Hatte er doch mit einer einschneidenden Maßnahme schon nach weniger als einer halben Stunde entscheidend auf den Spielverlauf eingewirkt, indem er Kossounou durch Edmond Tapsoba ersetzte. So sorgte Letzterer nach einer anfänglichen Unsicherheit mit dafür, dass die selbstzerstörerischen Aktionen im Aufbauspiel der Werkself aufhörten. Zudem legte der Burkiner den zuvor auffälligen West-Ham-Stürmer und Torschützen Michail Antonio an die Kette – wenn auch manchmal mit an oder gar über der Grenze des Legalen gehender Zweikampfführung.

Diese frühe personelle Maßnahme ergriff der immer so freundlich wirkende Xabi Alonso mit voller Konsequenz, weil er sie für unumgänglich hielt. “Natürlich war es keine einfache Entscheidung. Aber Odi hatte Gelb, wir hatten einige Probleme. Manchmal musst du handeln”, erklärte der Trainer fast entschuldigend, “es ist auch nicht die schönste Lösung, aber ich habe mit ihm geredet. Ich glaube, dass er es verstanden hat. Es ging um das Wohl der Mannschaft. Ein schlechter Tag kann jedem mal passieren.”

Xabi Alonso trifft in der Pause die richtigen Entscheidungen und den richtigen Ton

Dafür erwischte eben Kossounous Chef selbst einen richtig guten. Denn auch zur Halbzeit zog Xabi Alonso die passenden Register. Taktisch, indem er Alejandro Grimaldo und den wie Victor Boniface eingewechselten Jeremie Frimpong auf den Außen weit nach vorne beorderte. “Dadurch, dass Jerry und Grimaldo höher standen, haben wir mehr Raum im Mittelfeld geschaffen und dort auch das Spiel besser entwickelt.

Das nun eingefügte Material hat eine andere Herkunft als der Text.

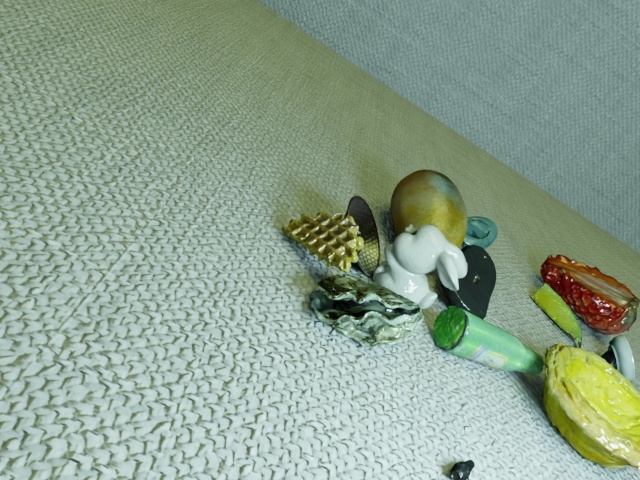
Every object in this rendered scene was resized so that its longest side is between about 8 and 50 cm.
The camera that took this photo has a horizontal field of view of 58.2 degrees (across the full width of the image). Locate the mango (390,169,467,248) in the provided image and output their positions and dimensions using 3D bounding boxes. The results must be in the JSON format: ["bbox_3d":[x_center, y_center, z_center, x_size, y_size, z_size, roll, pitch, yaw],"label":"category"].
[{"bbox_3d":[0.297,-0.065,1.601,0.221,0.199,0.384,37,38,-12],"label":"mango"}]

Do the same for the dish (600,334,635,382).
[{"bbox_3d":[0.872,0.354,1.712,0.141,0.077,0.141,-9,90,-76],"label":"dish"}]

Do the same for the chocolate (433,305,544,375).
[{"bbox_3d":[0.397,0.245,1.316,0.291,0.110,0.110,25,28,-25],"label":"chocolate"}]

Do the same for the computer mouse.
[{"bbox_3d":[0.383,0.114,1.516,0.137,0.086,0.270,44,39,-4],"label":"computer mouse"}]

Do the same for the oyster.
[{"bbox_3d":[0.105,0.144,1.148,0.267,0.112,0.198,17,10,-18],"label":"oyster"}]

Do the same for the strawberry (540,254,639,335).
[{"bbox_3d":[0.892,0.187,1.945,0.336,0.149,0.265,34,32,20],"label":"strawberry"}]

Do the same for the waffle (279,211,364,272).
[{"bbox_3d":[0.000,0.000,1.234,0.191,0.046,0.161,3,46,19],"label":"waffle"}]

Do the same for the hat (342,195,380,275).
[{"bbox_3d":[0.072,-0.005,1.370,0.193,0.082,0.193,34,51,-57],"label":"hat"}]

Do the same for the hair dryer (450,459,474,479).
[{"bbox_3d":[0.254,0.411,0.965,0.079,0.031,0.083,10,49,-55],"label":"hair dryer"}]

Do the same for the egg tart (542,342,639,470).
[{"bbox_3d":[0.616,0.388,1.292,0.345,0.132,0.345,28,27,-16],"label":"egg tart"}]

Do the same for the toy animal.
[{"bbox_3d":[0.224,0.066,1.311,0.179,0.193,0.127,51,30,11],"label":"toy animal"}]

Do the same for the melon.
[{"bbox_3d":[0.739,0.231,1.785,0.113,0.053,0.262,10,36,-28],"label":"melon"}]

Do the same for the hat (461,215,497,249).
[{"bbox_3d":[0.488,-0.014,1.866,0.190,0.078,0.138,-17,46,-35],"label":"hat"}]

Da hatten wir vorher gefühlt keinen Balkontakt”, analysierte Geschäftsführer Simon Rolfes die gelungene Maßnahme.

Auch die Hereinnahme von Mittelstürmer Boniface und des quasi als Rechtsaußen agierenden Frimpong, der am Ende mal wieder mit einem Leverkusener Last-Minute-Treffer für den Ausgleich sorgte, zeigte Wirkung. Bayer war nach der Pause in der Offensive nun viel präsenter, hielt die Bälle besser. “Wir haben Charakter gezeigt, die Spieler, die von der Bank kamen, hatten einen sehr guten Einfluss”, stellte Xabi Alonso fest, der nicht nur personell die richtigen Konsequenzen gezogen hatte.

So schaffte er es auch, die totale Verunsicherung, die bis zur Pause herrschte, mit seinen Ansagen in der Halbzeit zu beseitigen. “In der ersten Hälfte war es sehr schwer. Zur Halbzeit haben wir gesagt, wir wollen unabhängig vom Resultat einfach unser Spiel spielen und uns von nichts und niemand verunsichern lassen”, erklärte Abwehrchef Jonathan Tah, “das haben wir dann in der zweiten Hälfte gezeigt.”

Weil Xabi Alonso, die richtigen Entscheidungen traf – und den richtigen Ton. “Es gab viele Diskussionen in der Halbzeit. Positive, aber auch negative. Dementsprechend war die Reaktion in der zweiten Hälfte”, erklärte Granit Xhaka die wegweisenden Momente in der Kabine. In der Xabi Alonso dafür sorgte, dass seine Mannschaft wieder die Spielkontrolle übernahm – und nach der zweiten Hälfte verdientermaßen weiter vom Triple träumen darf.